**Work to be completed**
Of the records that follow, copy only the lines from the line containing "doc.styles.add('AVANT', font='txt')" to the line containing "doc.styles.add('ROMANS', font='romans.shx')", both included, exactly as written.

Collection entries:
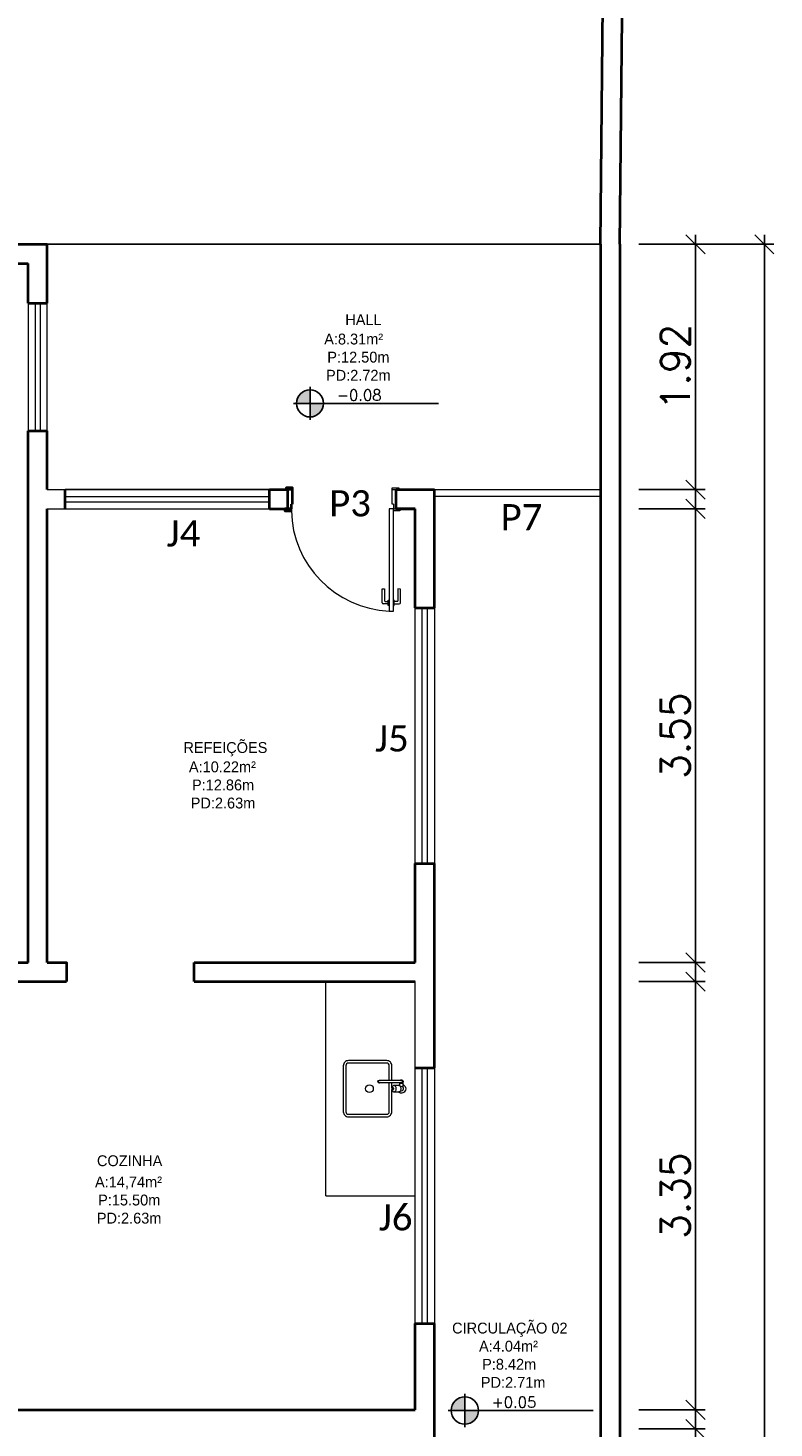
# Model space of a CAD drawing. Header units: millimetres. Extents: x 26 to 1362, y 24 to 358.
# Tile 89 of 256: x 529.75 to 535.59, y 223.64 to 234.6. Entities that reach past the tile are written whole.
import ezdxf

# ---------------------------------------------------------------- set-up
doc = ezdxf.new("R2010")
doc.units = ezdxf.units.MM
doc.linetypes.add('CONTINU', pattern=[0])
doc.linetypes.add('HIDDEN2', pattern=[4.7625, 3.175, -1.5875])
doc.layers.add('ARQ-PISO', color=8, linetype='Continuous')
doc.layers.add('PDF4_Text', color=7, linetype='Continuous')
for name, color, linetype, lineweight in [('MB_ALVENARIA', 7, 'Continuous', 40), ('MB_COTA', 7, 'Continuous', 13), ('MB_ESQUADRIA', 7, 'Continuous', 5), ('MB_MOBILIÁRIO', 8, 'Continuous', 13), ('MB_TEXTO_0', 7, 'Continuous', 13)]:
    doc.layers.add(name, color=color, linetype=linetype, lineweight=lineweight)
doc.styles.add('AVANT', font='txt')
doc.styles.add('PDF Calibri', font='calibri.ttf')
doc.styles.add('ROMANS', font='romans.shx')
doc.dimstyles.new('LOHAINA 1-150', dxfattribs={"dimscale": 1.5, "dimtxt": 0.15, "dimasz": 0.1, "dimexe": 0.05, "dimexo": 0.1, "dimgap": 0.03, "dimtad": 1, "dimzin": 5, "dimdsep": 46, "dimtxsty": 'ROMANS', "dimblk": 'OBLIQUE', "dimcen": 0, "dimdle": 0.05, "dimclrd": 256, "dimclre": 256, "dimadec": 0, "dimazin": 0, "dimtfac": 1, "dimtofl": 0, "dimtmove": 2, "dimatfit": 3, "dimfxl": 0.04, "dimtolj": 1, "dimtzin": 1, "dimarcsym": 0})

# ---------------------------------------------------------------- blocks, each defined once
blk = doc.blocks.new('_Oblique')
at = {"color": 0, "linetype": 'ByBlock', "lineweight": -2}
blk.add_line((-0.5, -0.5), (0.5, 0.5), dxfattribs=at)
blk = doc.blocks.new('*D110')
at = {"layer": 'DEFPOINTS', "color": 0, "transparency": 16777216}
for p in [(534.382, 232.905), (535.514, 232.905), (534.382, 211.015)]:
    blk.add_point(p, dxfattribs=at)
at = {"layer": 'MB_COTA', "lineweight": -2, "transparency": 16777216}
for p, q in [((534.532, 232.905), (535.589, 232.905)), ((535.514, 210.94), (535.514, 232.98)), ((534.532, 211.015), (535.589, 211.015))]:
    blk.add_line(p, q, dxfattribs=at)
at = {"layer": 'MB_COTA', "lineweight": -2, "transparency": 16777216, "xscale": 0.15, "yscale": 0.15, "zscale": 0.15}
for p, rotation in [((535.514, 232.905), 90), ((535.514, 211.015), 270)]:
    blk.add_blockref('_Oblique', p, dxfattribs=dict(at, rotation=rotation))
at = {"layer": 'MB_COTA', "color": 0, "transparency": 16777216, "insert": (535.357, 221.96), "char_height": 0.225, "attachment_point": 5, "rotation": 90, "style": 'ROMANS'}
blk.add_mtext('\\A1;21.89', dxfattribs=at)
blk = doc.blocks.new('*D111')
at = {"layer": 'DEFPOINTS', "color": 0, "transparency": 16777216}
for p in [(534.382, 223.635), (534.975, 223.635), (534.382, 222.435)]:
    blk.add_point(p, dxfattribs=at)
at = {"layer": 'MB_COTA', "lineweight": -2, "transparency": 16777216}
for p, q in [((534.975, 222.36), (534.975, 223.71)), ((534.532, 223.635), (535.05, 223.635)), ((534.532, 222.435), (535.05, 222.435))]:
    blk.add_line(p, q, dxfattribs=at)
at = {"layer": 'MB_COTA', "lineweight": -2, "transparency": 16777216, "xscale": 0.15, "yscale": 0.15, "zscale": 0.15}
for p, rotation in [((534.975, 223.635), 90), ((534.975, 222.435), 270)]:
    blk.add_blockref('_Oblique', p, dxfattribs=dict(at, rotation=rotation))
at = {"layer": 'MB_COTA', "color": 0, "transparency": 16777216, "insert": (534.817, 223.035), "char_height": 0.225, "attachment_point": 5, "rotation": 90, "style": 'ROMANS'}
blk.add_mtext('\\A1;1.20', dxfattribs=at)
blk = doc.blocks.new('*D112')
at = {"layer": 'DEFPOINTS', "color": 0, "transparency": 16777216}
for p in [(534.382, 227.135), (534.975, 227.135), (534.382, 223.785)]:
    blk.add_point(p, dxfattribs=at)
at = {"layer": 'MB_COTA', "lineweight": -2, "transparency": 16777216}
for p, q in [((534.975, 223.71), (534.975, 227.21)), ((534.532, 227.135), (535.05, 227.135)), ((534.532, 223.785), (535.05, 223.785))]:
    blk.add_line(p, q, dxfattribs=at)
at = {"layer": 'MB_COTA', "lineweight": -2, "transparency": 16777216, "xscale": 0.15, "yscale": 0.15, "zscale": 0.15}
for p, rotation in [((534.975, 227.135), 90), ((534.975, 223.785), 270)]:
    blk.add_blockref('_Oblique', p, dxfattribs=dict(at, rotation=rotation))
at = {"layer": 'MB_COTA', "color": 0, "transparency": 16777216, "insert": (534.817, 225.46), "char_height": 0.225, "attachment_point": 5, "rotation": 90, "style": 'ROMANS'}
blk.add_mtext('\\A1;3.35', dxfattribs=at)
blk = doc.blocks.new('*D113')
at = {"layer": 'DEFPOINTS', "color": 0, "transparency": 16777216}
for p in [(534.382, 230.835), (534.975, 230.835), (534.382, 227.285)]:
    blk.add_point(p, dxfattribs=at)
at = {"layer": 'MB_COTA', "lineweight": -2, "transparency": 16777216}
for p, q in [((534.532, 230.835), (535.05, 230.835)), ((534.975, 227.21), (534.975, 230.91)), ((534.532, 227.285), (535.05, 227.285))]:
    blk.add_line(p, q, dxfattribs=at)
at = {"layer": 'MB_COTA', "lineweight": -2, "transparency": 16777216, "xscale": 0.15, "yscale": 0.15, "zscale": 0.15}
for p, rotation in [((534.975, 230.835), 90), ((534.975, 227.285), 270)]:
    blk.add_blockref('_Oblique', p, dxfattribs=dict(at, rotation=rotation))
at = {"layer": 'MB_COTA', "color": 0, "transparency": 16777216, "insert": (534.817, 229.06), "char_height": 0.225, "attachment_point": 5, "rotation": 90, "style": 'ROMANS'}
blk.add_mtext('\\A1;3.55', dxfattribs=at)
blk = doc.blocks.new('*D117')
at = {"layer": 'DEFPOINTS', "color": 0, "transparency": 16777216}
for p in [(534.382, 232.905), (534.975, 232.905), (534.382, 230.985)]:
    blk.add_point(p, dxfattribs=at)
at = {"layer": 'MB_COTA', "lineweight": -2, "transparency": 16777216}
for p, q in [((534.532, 232.905), (535.05, 232.905)), ((534.975, 230.91), (534.975, 232.98)), ((534.532, 230.985), (535.05, 230.985))]:
    blk.add_line(p, q, dxfattribs=at)
at = {"layer": 'MB_COTA', "lineweight": -2, "transparency": 16777216, "xscale": 0.15, "yscale": 0.15, "zscale": 0.15}
for p, rotation in [((534.975, 232.905), 90), ((534.975, 230.985), 270)]:
    blk.add_blockref('_Oblique', p, dxfattribs=dict(at, rotation=rotation))
at = {"layer": 'MB_COTA', "color": 0, "transparency": 16777216, "insert": (534.817, 231.945), "char_height": 0.225, "attachment_point": 5, "rotation": 90, "style": 'ROMANS'}
blk.add_mtext('\\A1;1.92', dxfattribs=at)

msp = doc.modelspace()

# ---------------------------------------------------------------- hatches: boundary and pattern name
at = {"transparency": 33554687}
h = msp.add_hatch(color=9, dxfattribs=at)
h.paths.add_polyline_path([(531.9585, 231.66), (531.9585, 231.5537, 0.4142136), (532.0648, 231.66)])
h.paths.add_polyline_path([(531.9585, 231.66), (531.9585, 231.7663, 0.4142136), (531.8521, 231.66)])
h = msp.add_hatch(color=9, dxfattribs=at)
h.paths.add_polyline_path([(533.17, 223.7794), (533.17, 223.6731, 0.4142136), (533.2763, 223.7794)])
h.paths.add_polyline_path([(533.17, 223.7794), (533.17, 223.8858, 0.4142136), (533.0636, 223.7794)])

# ---------------------------------------------------------------- linework, layer by layer
for p, q in [((531.9585, 231.5304), (531.9585, 231.7896)), ((532.9631, 231.66), (531.8289, 231.66)), ((533.17, 223.6499), (533.17, 223.909)), ((534.1747, 223.7794), (533.0404, 223.7794))]:
    msp.add_line(p, q, dxfattribs=at)
for centre in [(531.9585, 231.66), (533.17, 223.7794)]:
    msp.add_circle(centre, 0.1063, dxfattribs=at)
at = {"layer": 'ARQ-PISO'}
msp.add_lwpolyline([(529.9023, 232.905), (534.2324, 232.9065)], dxfattribs=at)
at = {"layer": 'MB_ALVENARIA'}
for p, q in [((534.2323, 232.905), (534.2323, 208.695)), ((531.8222, 230.985), (531.7872, 230.985)), ((531.8223, 230.87), (531.8222, 230.985)), ((532.9323, 230.06), (532.9323, 230.985)), ((531.8123, 230.835), (531.7873, 230.835)), ((531.8123, 230.87), (531.8223, 230.87)), ((531.8123, 230.87), (531.8123, 230.835)), ((532.7823, 230.06), (532.7823, 230.835)), ((532.7823, 227.285), (532.7823, 228.06)), ((532.9323, 226.46), (532.9323, 228.06)), ((532.7823, 223.785), (532.7823, 224.46)), ((532.9323, 223.435), (532.9323, 224.46))]:
    msp.add_line(p, q, dxfattribs=at)
at = {"layer": 'MB_ALVENARIA', "linetype": 'CONTINU'}
msp.add_line((534.3823, 232.905), (534.3823, 208.545), dxfattribs=at)
at = {"layer": 'MB_ALVENARIA'}
for points in [[(534.2324, 232.9065), (534.3623, 246.255)], [(534.3823, 232.905), (534.5123, 245.605)], [(529.5373, 232.905), (529.9023, 232.905)], [(529.9023, 232.445), (529.9023, 232.905)], [(529.5373, 232.755), (529.7523, 232.755)], [(529.7523, 232.445), (529.7523, 232.755)], [(529.7523, 232.445), (529.9023, 232.445)], [(529.7523, 227.285), (529.7523, 231.445)], [(529.7523, 231.445), (529.9023, 231.445)], [(529.9023, 230.985), (529.9023, 231.445)], [(530.0423, 230.835), (530.0423, 230.985)], [(531.6423, 230.985), (531.7823, 230.985)], [(531.6423, 230.835), (531.6423, 230.985)], [(531.8222, 230.985), (531.8222, 231), (531.7722, 231), (531.7722, 230.985), (531.7872, 230.985)], [(531.7823, 230.985), (531.7823, 230.835)], [(532.6323, 230.985), (532.9323, 230.985)], [(532.7823, 230.835), (532.6323, 230.835), (532.6323, 230.985)], [(529.9023, 227.285), (529.9023, 230.835)], [(531.6423, 230.835), (531.7823, 230.835)], [(531.7873, 230.835), (531.7623, 230.835), (531.7623, 230.82), (531.8123, 230.82), (531.8123, 230.835), (531.8123, 230.835)], [(532.6323, 230.835), (532.7823, 230.835)], [(532.7823, 230.06), (532.9323, 230.06)], [(532.7823, 228.06), (532.9323, 228.06)], [(528.3823, 227.285), (529.7523, 227.285)], [(529.9023, 227.285), (530.0523, 227.285)], [(529.9023, 227.285), (530.0523, 227.285), (530.0523, 227.135)], [(531.0523, 227.285), (532.7823, 227.285)], [(531.0523, 227.135), (531.0523, 227.285)], [(528.3823, 227.135), (530.0523, 227.135)], [(531.0523, 227.135), (532.7823, 227.135)], [(532.7823, 226.46), (532.9323, 226.46)], [(532.7823, 224.46), (532.9323, 224.46)], [(528.3823, 223.785), (532.7823, 223.785)]]:
    msp.add_lwpolyline(points, dxfattribs=at)
at = {"layer": 'MB_ESQUADRIA'}
for p, q in [((532.6023, 230.87), (532.6023, 230.985)), ((532.6023, 230.985), (532.6373, 230.985)), ((532.6023, 230.87), (532.6023, 230.985)), ((532.6023, 230.985), (532.6373, 230.985)), ((532.6123, 230.87), (532.6023, 230.87)), ((532.6123, 230.87), (532.6023, 230.87)), ((532.6123, 230.87), (532.6123, 230.835)), ((532.6123, 230.87), (532.6123, 230.835)), ((532.6123, 230.835), (532.6373, 230.835)), ((532.6123, 230.835), (532.6373, 230.835)), ((532.5219, 230.1005), (532.522, 230.2075)), ((532.522, 230.2075), (532.542, 230.2075)), ((532.542, 230.2075), (532.5419, 230.1155)), ((532.6669, 230.2074), (532.6469, 230.2075)), ((532.6469, 230.2075), (532.6469, 230.1155)), ((532.6669, 230.1004), (532.6669, 230.2074)), ((532.5706, 230.0905), (532.5319, 230.0905)), ((532.5469, 230.1105), (532.5706, 230.1105)), ((532.5705, 230.0779), (532.5706, 230.1206)), ((532.5769, 230.0779), (532.5705, 230.0779)), ((532.5706, 230.1206), (532.5769, 230.1206)), ((532.6183, 230.1205), (532.6119, 230.1205)), ((532.6119, 230.0779), (532.6182, 230.0779)), ((532.6182, 230.0779), (532.6183, 230.1205)), ((532.6419, 230.1105), (532.6183, 230.1105)), ((532.6183, 230.0905), (532.6569, 230.0904))]:
    msp.add_line(p, q, dxfattribs=at)
at = {"layer": 'MB_ESQUADRIA', "linetype": 'HIDDEN2'}
for points in [[(529.7523, 232.445), (529.7523, 231.445)], [(529.8073, 232.445), (529.8073, 231.445)], [(529.8473, 232.445), (529.8473, 231.445)], [(529.9023, 231.445), (529.9023, 232.445)], [(529.9023, 230.985), (531.6423, 230.985)], [(531.6423, 230.985), (530.0423, 230.985)], [(530.0423, 230.93), (531.6423, 230.93)], [(532.9323, 230.985), (534.2323, 230.985)], [(532.9323, 230.935), (534.2323, 230.935)], [(529.9023, 230.835), (531.6423, 230.835)], [(530.0423, 230.89), (531.6423, 230.89)], [(530.0423, 230.835), (531.6423, 230.835)], [(532.7823, 228.06), (532.7823, 230.06)], [(532.8373, 228.06), (532.8373, 230.06)], [(532.8773, 228.06), (532.8773, 230.06)], [(532.9323, 230.06), (532.9323, 228.06)], [(532.7823, 224.46), (532.7823, 226.46)], [(532.8373, 224.46), (532.8373, 226.46)], [(532.8773, 224.46), (532.8773, 226.46)], [(532.9323, 226.46), (532.9323, 224.46)]]:
    msp.add_lwpolyline(points, dxfattribs=at)
at = {"layer": 'MB_ESQUADRIA'}
for points in [[(532.6023, 230.985), (532.6023, 231), (532.6523, 231), (532.6523, 230.985), (532.6373, 230.985)], [(532.6023, 230.985), (532.6023, 231), (532.6523, 231), (532.6523, 230.985), (532.6373, 230.985)], [(532.6373, 230.835), (532.6623, 230.835), (532.6623, 230.82), (532.6123, 230.82), (532.6123, 230.835), (532.6123, 230.835)], [(532.6373, 230.835), (532.6623, 230.835), (532.6623, 230.82), (532.6123, 230.82), (532.6123, 230.835), (532.6123, 230.835)]]:
    msp.add_lwpolyline(points, dxfattribs=at)
msp.add_lwpolyline([(532.5773, 230.835), (532.5773, 230.035), (532.6123, 230.035), (532.6123, 230.835)], close=True, dxfattribs=at)
at = {"layer": 'MB_ESQUADRIA', "linetype": 'HIDDEN2'}
msp.add_arc((532.614, 230.836), 0.8018, 181.14056, 267.34932, dxfattribs=at)
at = {"layer": 'MB_ESQUADRIA'}
for centre, radius, start, end in [((532.5319, 230.1005), 0.01, 179.97107, 269.97107), ((532.5469, 230.1155), 0.005, 179.97107, 269.97107), ((532.6419, 230.1155), 0.005, 269.97107, 359.97107), ((532.6569, 230.1004), 0.01, 269.97107, 359.97107)]:
    msp.add_arc(centre, radius, start, end, dxfattribs=at)
at = {"layer": 'MB_MOBILIÁRIO'}
for p, q in [((532.0823, 225.46), (532.0823, 227.135)), ((532.7823, 226.46), (532.7823, 227.135)), ((532.0823, 225.46), (532.7823, 225.46))]:
    msp.add_line(p, q, dxfattribs=at)
for points in [[(532.5988, 226.3625), (532.5988, 226.4775, 0.4142136), (532.5588, 226.5175), (532.2588, 226.5175, 0.4142136), (532.2188, 226.4775), (532.2188, 226.1175, 0.4142136), (532.2588, 226.0775), (532.5588, 226.0775, 0.4142136), (532.5988, 226.1175), (532.5988, 226.2901)], [(532.5788, 226.3625), (532.5788, 226.4775, 0.4142136), (532.5588, 226.4975), (532.2588, 226.4975, 0.4142136), (532.2388, 226.4775), (532.2388, 226.1175, 0.4142136), (532.2588, 226.0975), (532.5588, 226.0975, 0.4142136), (532.5788, 226.1175), (532.5788, 226.3425)], [(532.5104, 226.3425, -2), (532.5104, 226.3625)], [(532.5029, 226.3425, -1), (532.5029, 226.3625)], [(532.6484, 226.3225, -0.0832622), (532.6579, 226.3291)], [(532.6879, 226.3291, -1.1816489), (532.6484, 226.2725)], [(532.6617, 226.3625, -2.618034), (532.6617, 226.3425)], [(532.6659, 226.28), (532.6729, 226.28, 0.5464635), (532.6888, 226.3048, -0.1078401), (532.6879, 226.309), (532.6879, 226.3525)], [(532.6729, 226.3625, -1), (532.6729, 226.3425)], [(532.6156, 226.2725), (532.6532, 226.2725, 0.1332562), (532.6597, 226.2743, 0.1067563), (532.6657, 226.2798, 0.0828275), (532.6695, 226.2876, 0.0713517), (532.6709, 226.2975, 0.0713517), (532.6695, 226.3074, 0.0828275), (532.6657, 226.3152, 0.1067563), (532.6597, 226.3208, 0.1332562), (532.6532, 226.3225), (532.6156, 226.3225)], [(532.6879, 226.3065, 0.2632653), (532.6729, 226.315), (532.6659, 226.315)]]:
    msp.add_lwpolyline(points, format="xyb", dxfattribs=at)
for points in [[(532.6729, 226.3625), (532.5029, 226.3625)], [(532.6729, 226.3425), (532.5029, 226.3425)], [(532.5988, 226.305), (532.5988, 226.3425)], [(532.6579, 226.3425), (532.6579, 226.3216)]]:
    msp.add_lwpolyline(points, dxfattribs=at)
for points in [[(532.6156, 226.3225, 0.1332562), (532.6092, 226.3208, 0.1067563), (532.6031, 226.3152, 0.0828275), (532.5994, 226.3074, 0.0713517), (532.598, 226.2975, 0.0713517), (532.5994, 226.2876, 0.0828275), (532.6031, 226.2798, 0.1067563), (532.6092, 226.2743, 0.1332562), (532.6156, 226.2725, 0.1332562), (532.6221, 226.2743, 0.1067563), (532.6281, 226.2798, 0.0828275), (532.6319, 226.2876, 0.0713517), (532.6333, 226.2975, 0.0713517), (532.6319, 226.3074, 0.0828275), (532.6281, 226.3152, 0.1067563), (532.6221, 226.3208, 0.1332562)], [(532.6081, 226.29, 0.1332562), (532.6101, 226.2905, 0.1067563), (532.6119, 226.2922, 0.0828275), (532.613, 226.2945, 0.0713517), (532.6135, 226.2975, 0.0713517), (532.613, 226.3005, 0.0828275), (532.6119, 226.3028, 0.1067563), (532.6101, 226.3045, 0.1332562), (532.6081, 226.305, 0.1332562), (532.6062, 226.3045, 0.1067563), (532.6044, 226.3028, 0.0828275), (532.6033, 226.3005, 0.0713517), (532.6028, 226.2975, 0.0713517), (532.6033, 226.2945, 0.0828275), (532.6044, 226.2922, 0.1067563), (532.6062, 226.2905, 0.1332562)]]:
    msp.add_lwpolyline(points, format="xyb", close=True, dxfattribs=at)
msp.add_circle((532.4238, 226.2975), 0.03, dxfattribs=at)

# ---------------------------------------------------------------- texts
at = {"layer": 'MB_TEXTO_0'}
for s, style, p in [('HALL', 'AVANT', (532.2346, 232.2723)), ('A:8.31m²', 'AVANT', (532.0696, 232.1208)), ('P:12.50m', 'AVANT', (532.0938, 231.9792)), ('PD:2.72m', 'AVANT', (532.0837, 231.8375)), ('-0.08', 'ROMANS', (532.1686, 231.6823)), ('REFEIÇÕES', 'AVANT', (530.968, 228.9245)), ('A:10.22m²', 'AVANT', (531.0108, 228.7734)), ('P:12.86m', 'AVANT', (531.035, 228.6317)), ('PD:2.63m', 'AVANT', (531.0249, 228.4901)), ('COZINHA', 'AVANT', (530.2913, 225.6913)), ('A:14,74m²', 'AVANT', (530.276, 225.5253)), ('P:15.50m', 'AVANT', (530.3003, 225.3837)), ('PD:2.63m', 'AVANT', (530.2901, 225.242)), ('CIRCULAÇÃO 02', 'AVANT', (533.0704, 224.3818)), ('A:4.04m²', 'AVANT', (533.2811, 224.2403)), ('P:8.42m', 'AVANT', (533.3053, 224.0986)), ('PD:2.71m', 'AVANT', (533.2952, 223.957)), ('+0.05', 'ROMANS', (533.3801, 223.8017))]:
    msp.add_text(s, height=0.085, rotation=360, dxfattribs=dict(at, style=style)).set_placement(p)
at = {"layer": 'PDF4_Text', "char_height": 0.20477, "attachment_point": 4, "style": 'PDF Calibri'}
for s, insert in [('P3', (532.1083, 230.8768)), ('P7', (533.4499, 230.7691)), ('J4', (530.8368, 230.6414)), ('J5', (532.4677, 229.037)), ('J6', (532.4969, 225.29))]:
    msp.add_mtext(s, dxfattribs=dict(at, insert=insert))

# ---------------------------------------------------------------- dimensions: what is measured, and where the dimension line sits
at = {"layer": 'MB_COTA'}
for base, p1, p2, picture, middle in [((535.5144, 232.905), (534.3823, 211.015), (534.3823, 232.905), '*D110', (535.3569, 221.96)), ((534.9747, 232.905), (534.3823, 230.985), (534.3823, 232.905), '*D117', (534.8172, 231.945)), ((534.9747, 230.835), (534.3823, 227.285), (534.3823, 230.835), '*D113', (534.8172, 229.06)), ((534.9747, 227.135), (534.3823, 223.785), (534.3823, 227.135), '*D112', (534.8172, 225.46)), ((534.9747, 223.635), (534.3823, 222.435), (534.3823, 223.635), '*D111', (534.8172, 223.035))]:
    dim = msp.add_linear_dim(base=base, p1=p1, p2=p2, angle=90, dimstyle='LOHAINA 1-150', dxfattribs=at)
    dim.commit()
    dim.dimension.update_dxf_attribs({"geometry": picture, "text_midpoint": middle})

doc.saveas('drawing.dxf')

**Response below**
doc.styles.add('AVANT', font='txt')
doc.styles.add('PDF Calibri', font='calibri.ttf')
doc.styles.add('ROMANS', font='romans.shx')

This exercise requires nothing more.